From the line with "This picture is" to the end of the data below, restate each line word for word, both ends included, without the pictures.
********************
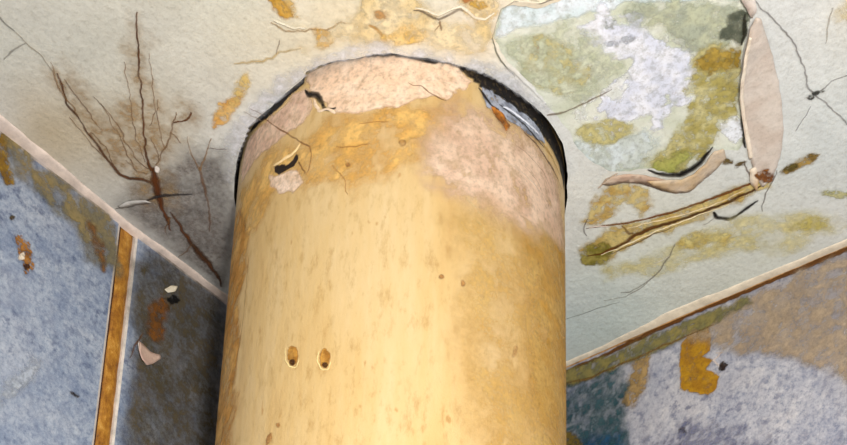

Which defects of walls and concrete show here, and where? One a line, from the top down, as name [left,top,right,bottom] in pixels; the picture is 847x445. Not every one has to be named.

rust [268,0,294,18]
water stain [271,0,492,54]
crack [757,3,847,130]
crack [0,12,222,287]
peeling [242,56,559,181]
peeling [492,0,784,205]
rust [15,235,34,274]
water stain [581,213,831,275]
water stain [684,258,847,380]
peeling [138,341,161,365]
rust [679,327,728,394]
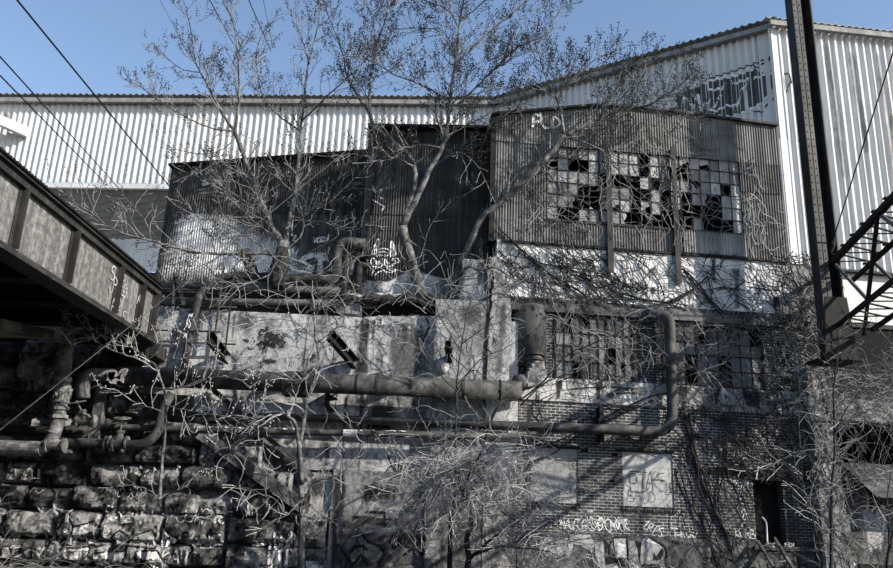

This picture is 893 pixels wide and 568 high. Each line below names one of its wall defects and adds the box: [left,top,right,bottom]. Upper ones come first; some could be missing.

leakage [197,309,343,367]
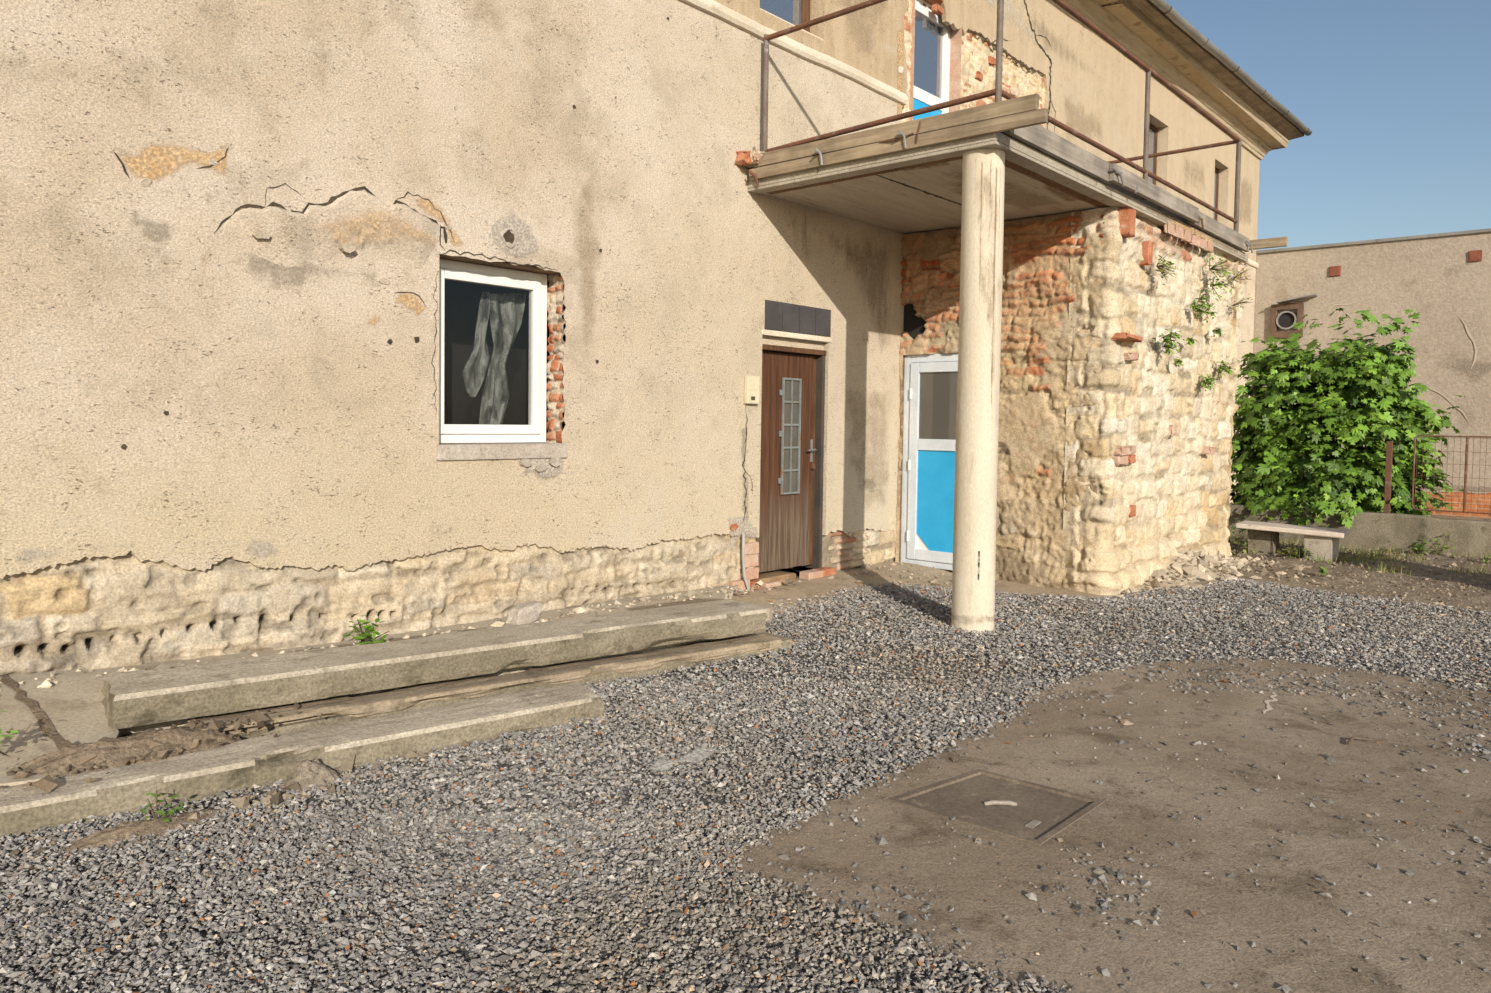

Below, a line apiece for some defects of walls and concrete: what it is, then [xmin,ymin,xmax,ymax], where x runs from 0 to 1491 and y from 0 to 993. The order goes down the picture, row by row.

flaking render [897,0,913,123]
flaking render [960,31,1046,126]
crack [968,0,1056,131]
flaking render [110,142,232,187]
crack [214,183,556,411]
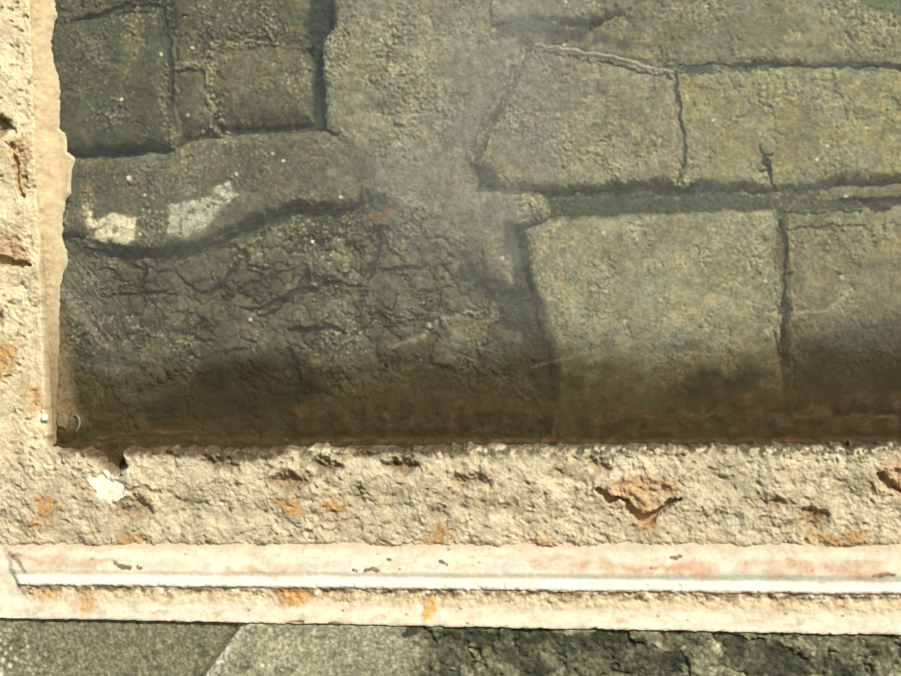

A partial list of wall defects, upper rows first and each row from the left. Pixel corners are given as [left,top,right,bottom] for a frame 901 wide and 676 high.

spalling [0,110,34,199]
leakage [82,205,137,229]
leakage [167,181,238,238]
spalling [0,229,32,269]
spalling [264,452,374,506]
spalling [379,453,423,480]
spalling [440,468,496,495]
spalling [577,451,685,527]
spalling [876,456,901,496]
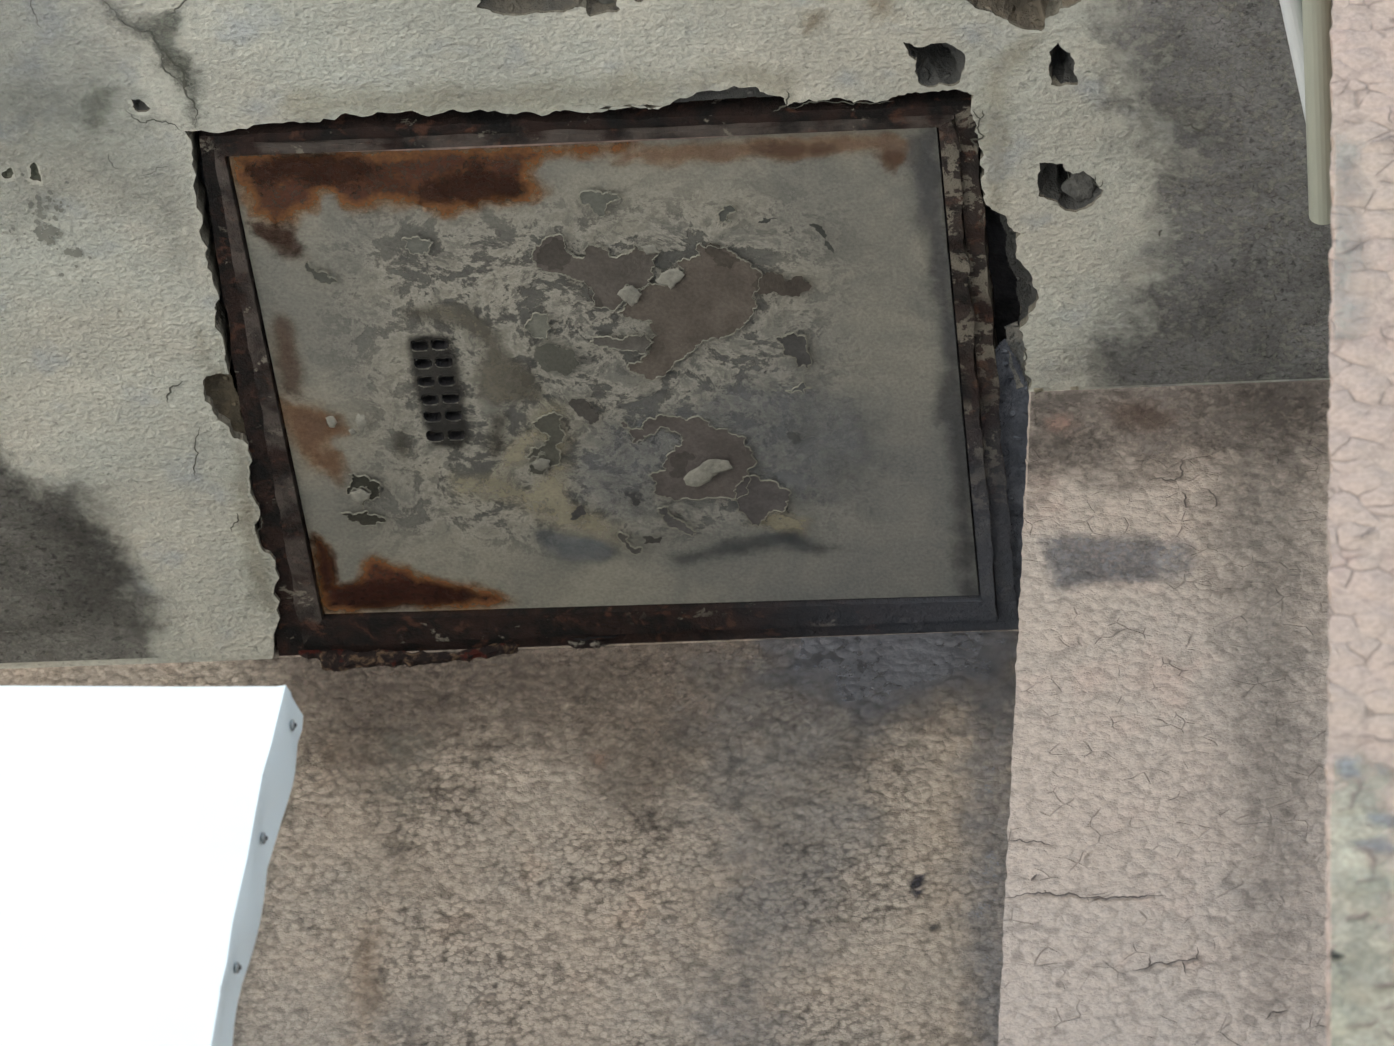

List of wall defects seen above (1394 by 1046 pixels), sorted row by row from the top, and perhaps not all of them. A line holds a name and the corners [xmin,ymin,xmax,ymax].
********************
» RESPONSE AREA:
This picture is 893 pixels wide and 568 high. Each line below names one of its wall defects and adds the box: [left,top,right,bottom]. Upper ones come first; some could be missing.

leakage [197,309,343,367]

Below, a line apiece for some defects of walls and concrete: what it is, then [xmin,ymin,xmax,ymax], where x runs from 0 to 1491 and y from 0 to 993. The order goes down the picture, row by row.

flaking render [897,0,913,123]
flaking render [960,31,1046,126]
crack [968,0,1056,131]
flaking render [110,142,232,187]
crack [214,183,556,411]

A partial list of wall defects, upper rows first and each row from the left. Pixel corners are given as [left,top,right,bottom] for a frame 901 wide and 676 high.

spalling [0,110,34,199]
leakage [82,205,137,229]
leakage [167,181,238,238]
spalling [0,229,32,269]
spalling [264,452,374,506]
spalling [379,453,423,480]
spalling [440,468,496,495]
spalling [577,451,685,527]
spalling [876,456,901,496]

List of wall defects seen above (1394 by 1046 pixels), sorted row by row from the top, and perhaps not all of them. A line holds a name and the corners [xmin,ymin,xmax,ymax].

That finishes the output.